How the Engineering Intelligence Platform Evolved
When I built the Engineering Intelligence Platform, it solved one problem: capacity planning. Three months into my PM role, it does much more than that — and some of the most valuable features were not in the original design.
The Original Vision
The MVP was straightforward. A graph database mapping engineers to skills to projects. Query it to find available people with the right skills. Done. That alone saved hours of weekly capacity planning.
What Users Asked For
Once 300+ people were on the platform, the feature requests started flowing. Three patterns emerged.

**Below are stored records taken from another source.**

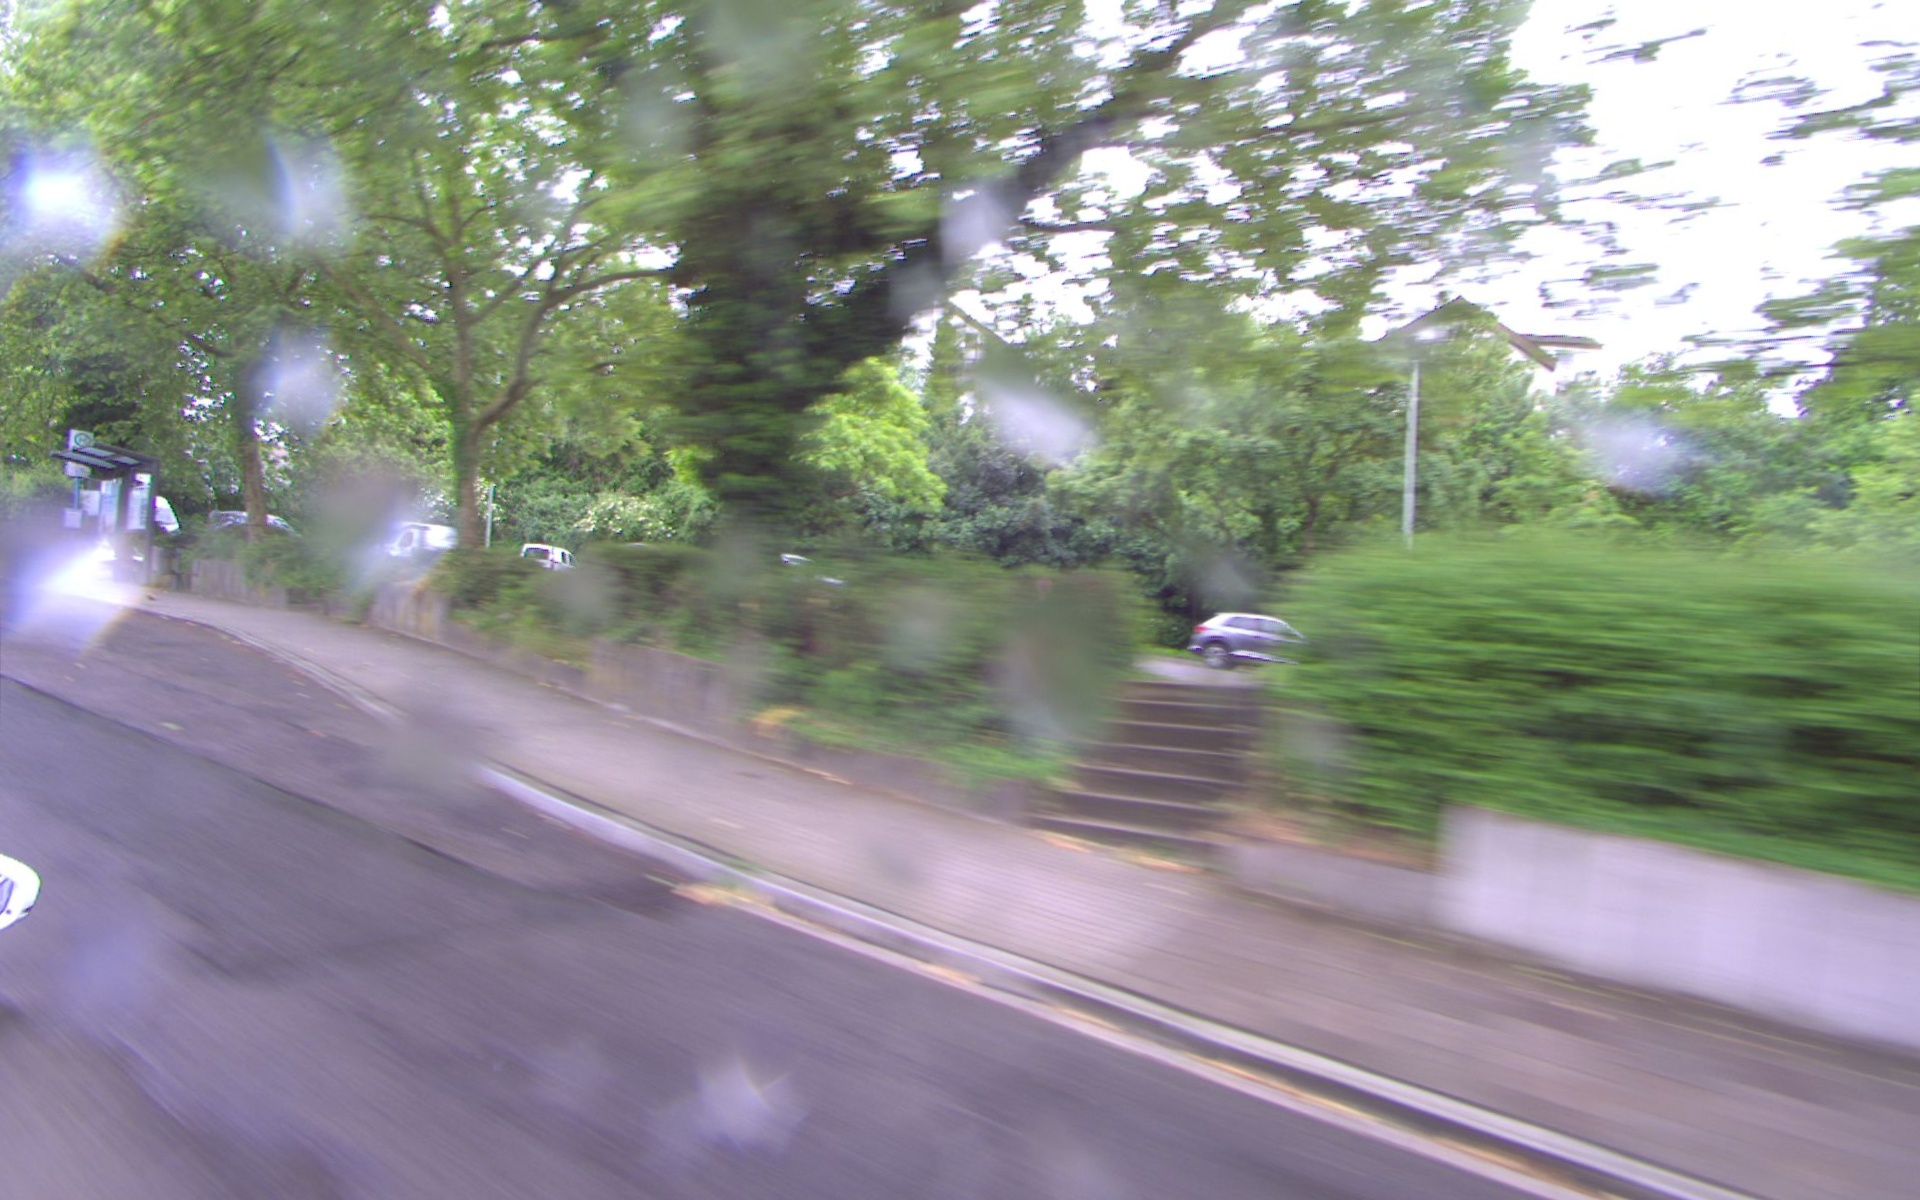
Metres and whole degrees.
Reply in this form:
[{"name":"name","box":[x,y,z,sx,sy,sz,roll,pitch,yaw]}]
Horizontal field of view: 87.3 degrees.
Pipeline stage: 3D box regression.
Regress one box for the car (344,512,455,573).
[{"name":"car","box":[-26.765,-2.696,48.274,1.961,2.035,5.212,8,-3,3]}]

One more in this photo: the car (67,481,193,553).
[{"name":"car","box":[-34.487,-3.470,41.780,4.929,2.310,2.051,7,-2,27]}]

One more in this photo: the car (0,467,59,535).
[{"name":"car","box":[-37.098,-3.931,38.906,4.063,2.252,1.998,7,-2,30]}]

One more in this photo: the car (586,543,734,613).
[{"name":"car","box":[-9.097,-0.675,30.465,4.102,1.468,1.900,7,-4,32]}]

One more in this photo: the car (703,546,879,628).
[{"name":"car","box":[-4.400,-0.346,26.103,4.100,1.468,1.900,7,-3,30]}]

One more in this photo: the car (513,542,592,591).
[{"name":"car","box":[-19.657,-1.575,48.744,1.770,1.683,4.186,8,-3,3]}]

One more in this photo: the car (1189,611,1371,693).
[{"name":"car","box":[8.341,1.343,26.288,4.100,1.468,1.900,7,-3,30]}]
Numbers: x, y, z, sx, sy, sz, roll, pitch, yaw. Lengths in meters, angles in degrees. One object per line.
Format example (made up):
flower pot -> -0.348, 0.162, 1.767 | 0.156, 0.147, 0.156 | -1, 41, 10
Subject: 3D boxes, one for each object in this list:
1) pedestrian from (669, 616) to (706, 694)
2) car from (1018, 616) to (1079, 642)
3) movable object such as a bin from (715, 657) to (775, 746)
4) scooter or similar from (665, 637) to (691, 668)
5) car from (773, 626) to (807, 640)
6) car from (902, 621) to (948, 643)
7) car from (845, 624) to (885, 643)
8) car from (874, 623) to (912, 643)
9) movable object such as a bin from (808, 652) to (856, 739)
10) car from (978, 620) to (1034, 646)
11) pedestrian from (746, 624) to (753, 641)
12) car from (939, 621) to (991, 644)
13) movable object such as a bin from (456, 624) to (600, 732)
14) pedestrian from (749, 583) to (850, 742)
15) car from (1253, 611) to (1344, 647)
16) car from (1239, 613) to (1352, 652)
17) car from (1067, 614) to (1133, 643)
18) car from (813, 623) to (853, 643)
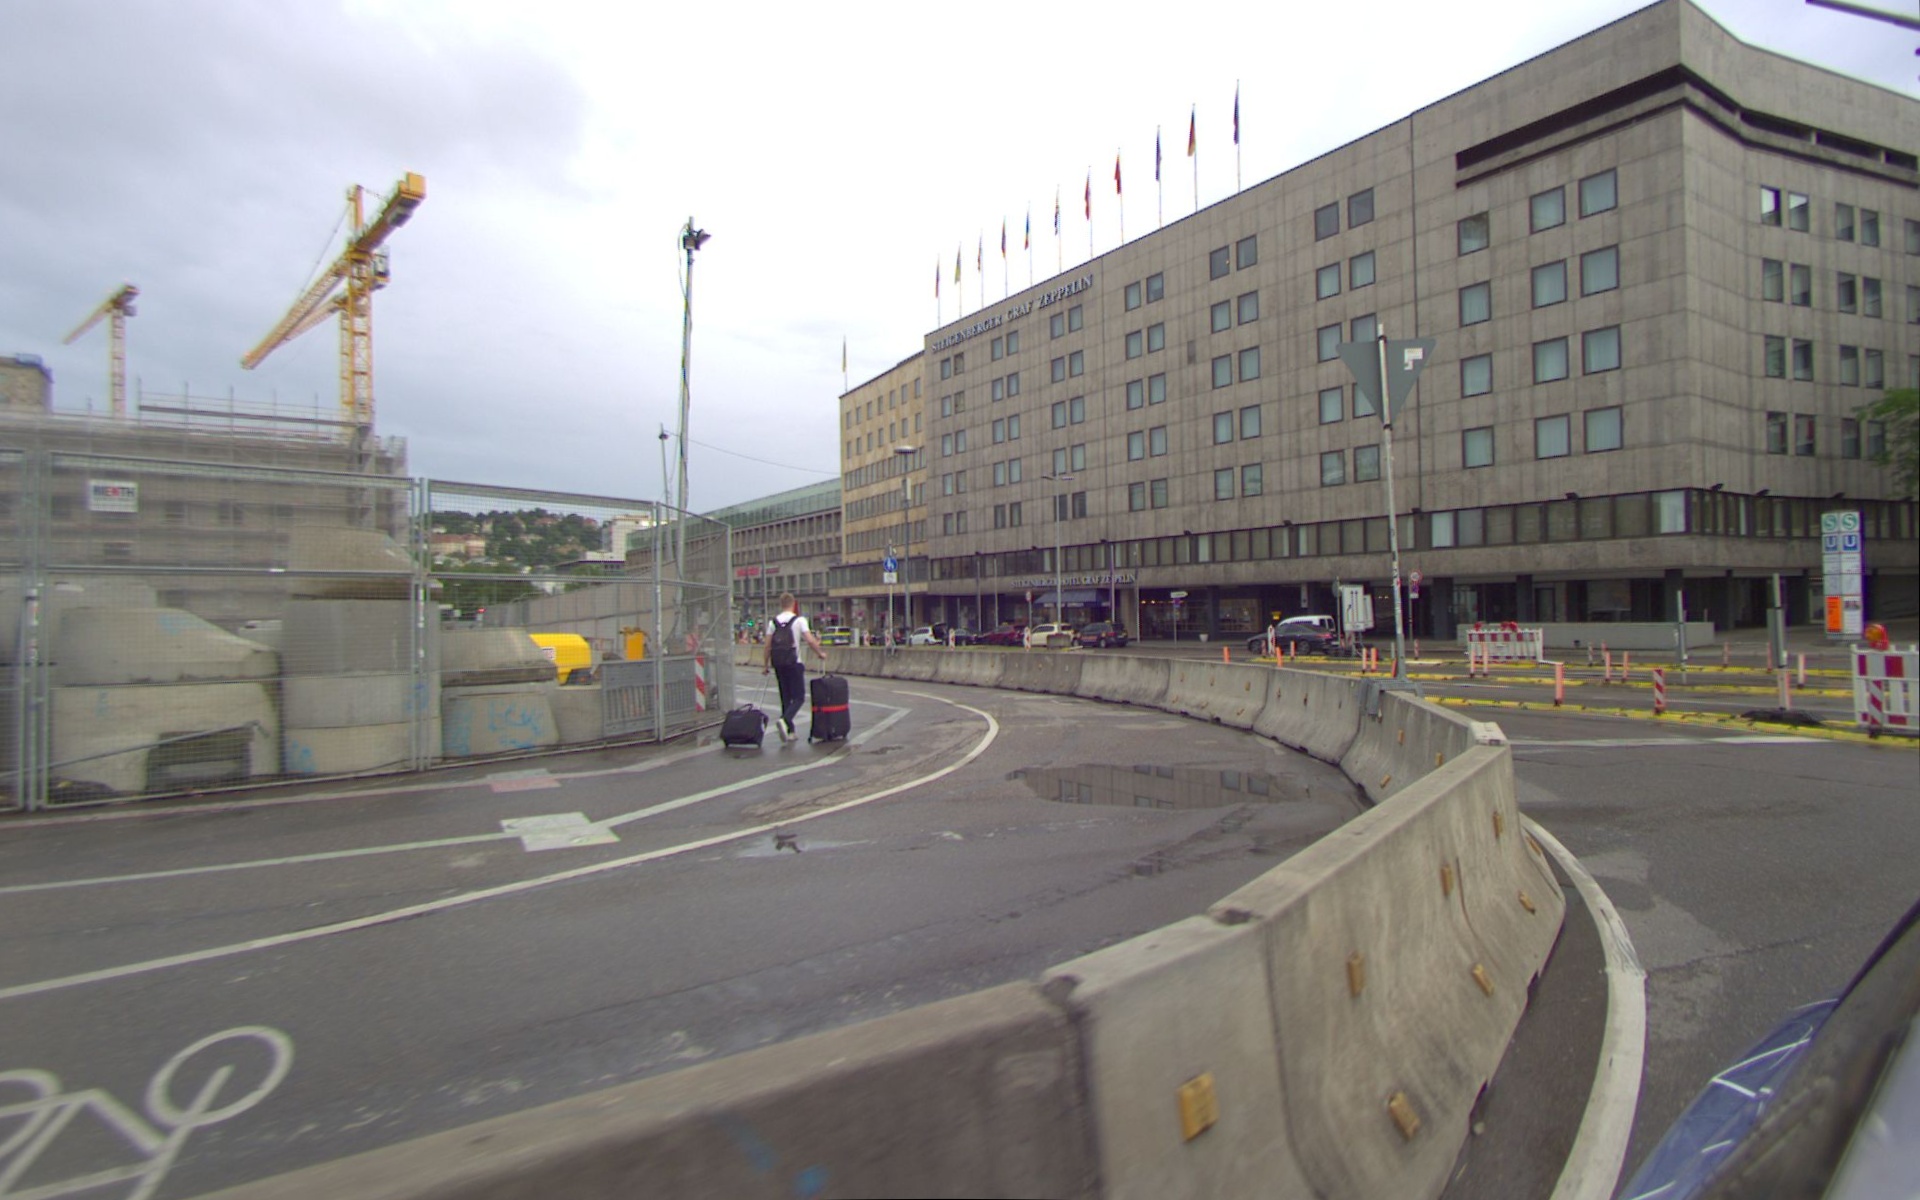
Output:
pedestrian -> -6.795, 1.364, 25.233 | 0.707, 1.890, 0.709 | 0, -2, -31
car -> 6.169, 2.047, 70.786 | 1.786, 1.720, 4.579 | 0, -1, -33
movable object such as a bin -> -2.591, 1.213, 12.213 | 0.511, 1.029, 0.551 | -2, -2, 13
scooter or similar -> -11.026, 2.037, 39.495 | 0.460, 1.198, 1.413 | 0, -2, -38
car -> -22.187, 4.328, 132.304 | 4.011, 1.661, 1.808 | -1, -2, -28
car -> -2.981, 2.680, 85.135 | 1.726, 1.781, 4.711 | 0, -2, -34
car -> -8.900, 3.110, 94.528 | 1.726, 1.642, 4.565 | 0, -2, -34
car -> -6.006, 2.941, 89.860 | 1.724, 1.703, 4.232 | 0, -2, -29
movable object such as a bin -> -1.586, 1.177, 12.587 | 0.425, 1.029, 0.520 | -2, -2, 13
car -> 3.398, 2.451, 75.452 | 1.870, 1.790, 4.649 | 0, -1, -31
pedestrian -> -25.282, 3.905, 121.544 | 0.580, 1.950, 0.752 | 0, -2, -33
car -> 0.359, 2.585, 79.954 | 1.872, 1.681, 4.617 | -1, -2, -33
movable object such as a bin -> -6.359, 1.111, 14.950 | 1.855, 1.490, 1.190 | 1, -1, -24
pedestrian -> -1.975, 0.761, 12.523 | 0.988, 1.889, 0.775 | -2, -2, 13
car -> 17.707, 1.542, 53.116 | 1.745, 1.785, 4.372 | 0, -2, -33
car -> 14.960, 1.437, 45.396 | 1.977, 1.619, 4.668 | 0, -2, -28
car -> 9.120, 1.864, 66.235 | 1.786, 1.750, 4.517 | 0, -1, -31
car -> -12.689, 3.306, 100.976 | 1.869, 1.954, 5.074 | 0, -3, -33
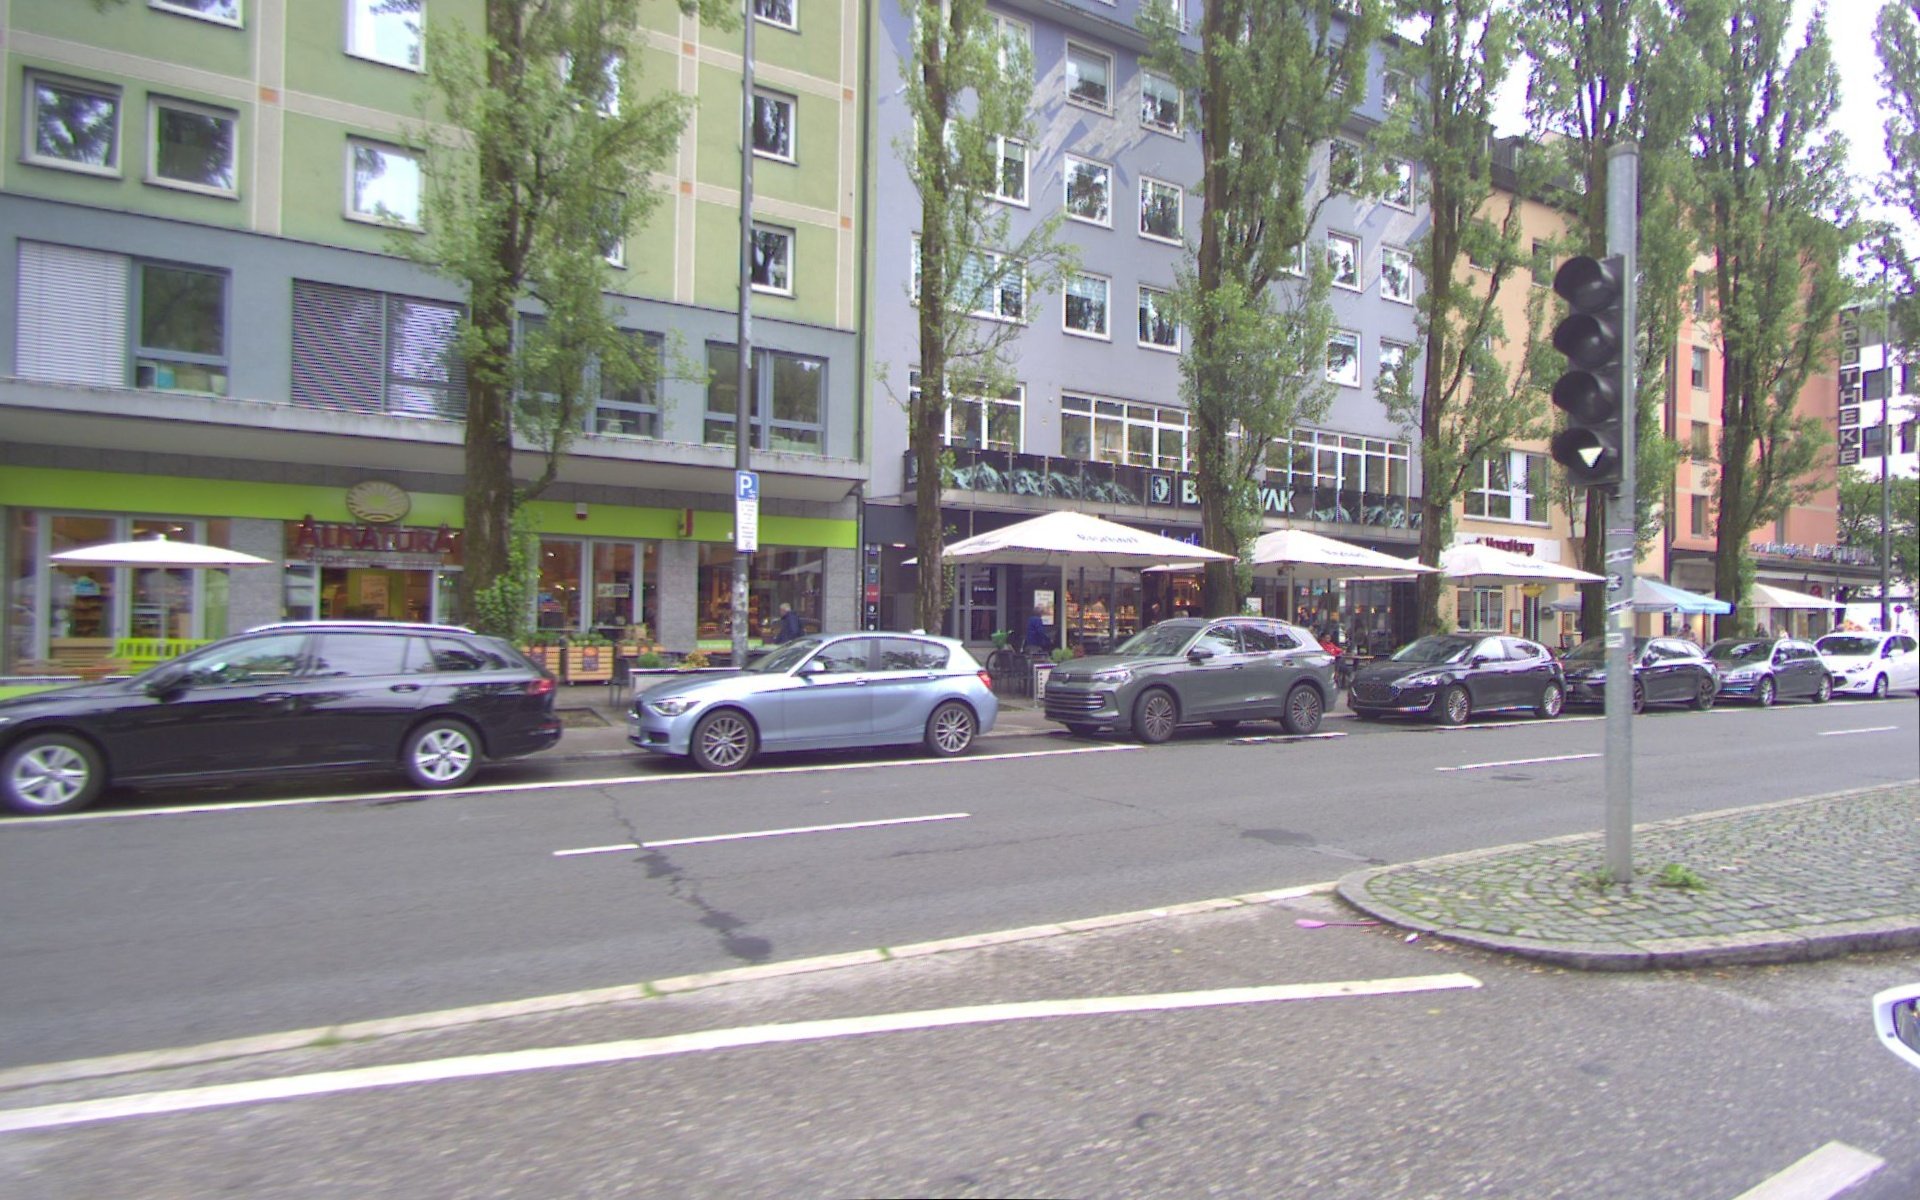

Delivery analytics. Teams wanted to see their own performance data — cycle time trends, defect rates, sprint completion patterns. I connected the platform to Jira's API and built dashboards that auto-populate. Now tech leads use it for retrospectives, not just capacity planning.
Skill gap analysis. Managers wanted to see what skills their teams lacked relative to upcoming project requirements. The Qdrant vector search layer made this possible — compare project requirement embeddings against team skill embeddings and surface the gaps.
Onboarding acceleration. New engineers joining a project could search for subject matter experts by domain. Instead of asking around for "who knows the payments integration," they search the platform and find the three people with the deepest expertise.
What I Learned About Internal Tools
Internal tools succeed when they solve adjacent problems, not just the original one. The capacity planning feature got people onto the platform. The delivery analytics and skill search features kept them coming back daily.
I also learned that adoption is a feature. The best internal tool in the world is useless if people do not use it. I spent as much time on onboarding documentation, training sessions, and Slack reminders as I did on code.
The platform is now part of how our organization operates. That is the most satisfying engineering outcome I have ever produced.